(Excerpted records):
# # # #

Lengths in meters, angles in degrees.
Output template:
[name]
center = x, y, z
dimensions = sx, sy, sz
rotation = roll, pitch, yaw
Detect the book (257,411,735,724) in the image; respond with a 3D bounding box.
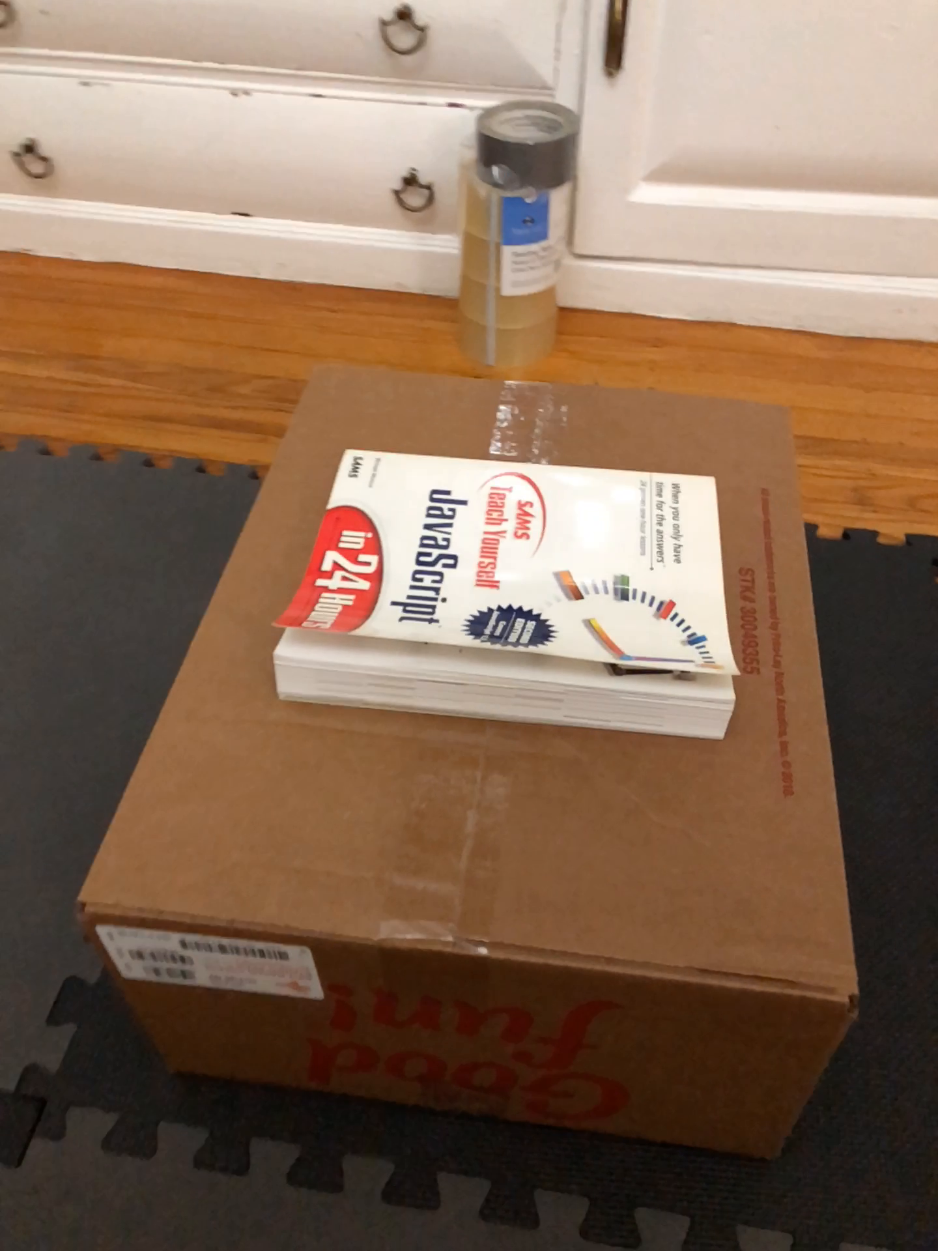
[book]
center = 0.022, -0.043, 0.591
dimensions = 0.240, 0.030, 0.201
rotation = 5, 47, 3
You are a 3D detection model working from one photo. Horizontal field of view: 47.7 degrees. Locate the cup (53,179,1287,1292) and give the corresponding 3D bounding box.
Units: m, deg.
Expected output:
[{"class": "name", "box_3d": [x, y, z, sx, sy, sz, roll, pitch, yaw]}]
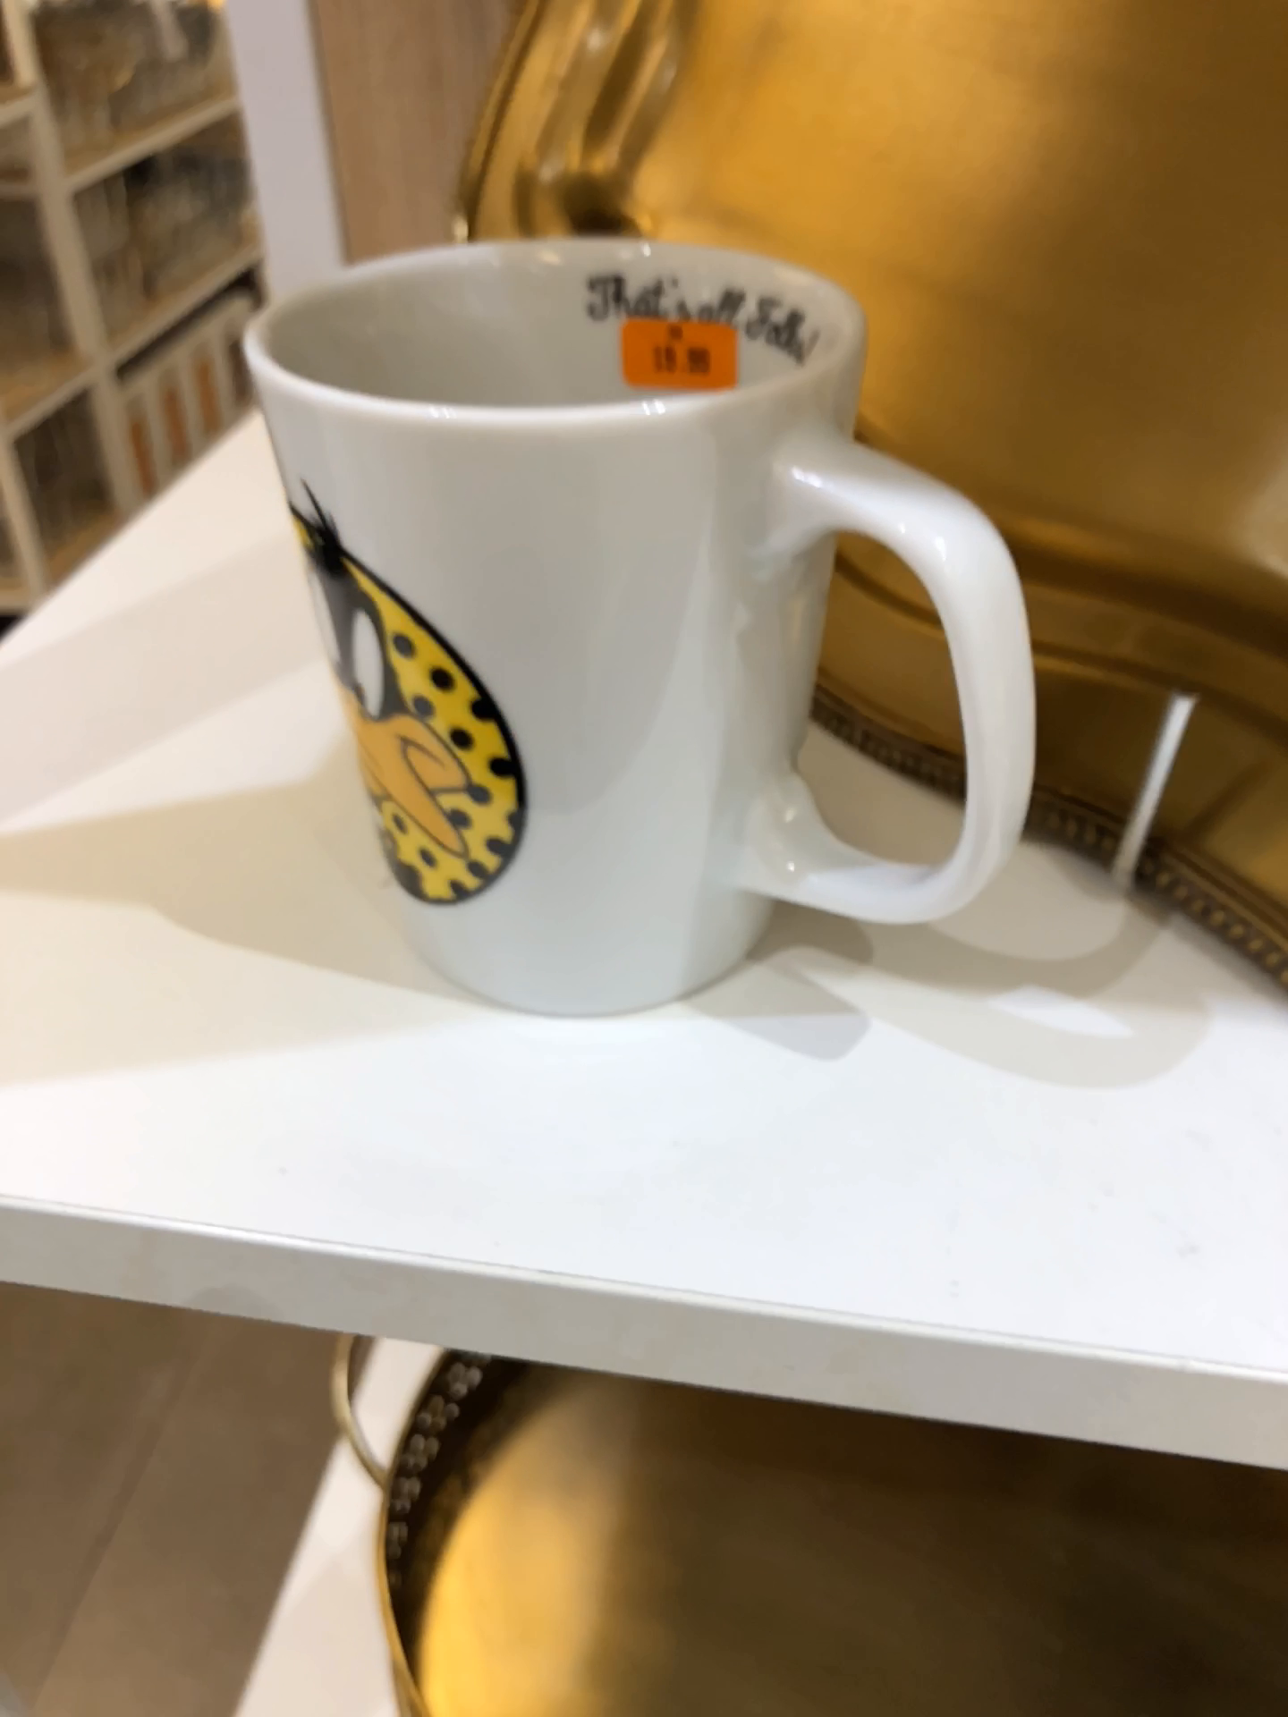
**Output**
[{"class": "cup", "box_3d": [0.004, -0.029, 0.201, 0.120, 0.089, 0.090, 25, 44, 31]}]

# # # #

(What the task asks): Everything in the listing must be copied exactly except the pictures.

(Exercise solution):
Lengths in meters, angles in degrees.
Output template:
[name]
center = x, y, z
dimensions = sx, sy, sz
rotation = roll, pitch, yaw
Detect the book (257,411,735,724) in the image; respond with a 3D bounding box.
[book]
center = 0.022, -0.043, 0.591
dimensions = 0.240, 0.030, 0.201
rotation = 5, 47, 3
You are a 3D detection model working from one photo. Horizontal field of view: 47.7 degrees. Locate the cup (53,179,1287,1292) and give the corresponding 3D bounding box.
Units: m, deg.
Expected output:
[{"class": "name", "box_3d": [x, y, z, sx, sy, sz, roll, pitch, yaw]}]
**Output**
[{"class": "cup", "box_3d": [0.004, -0.029, 0.201, 0.120, 0.089, 0.090, 25, 44, 31]}]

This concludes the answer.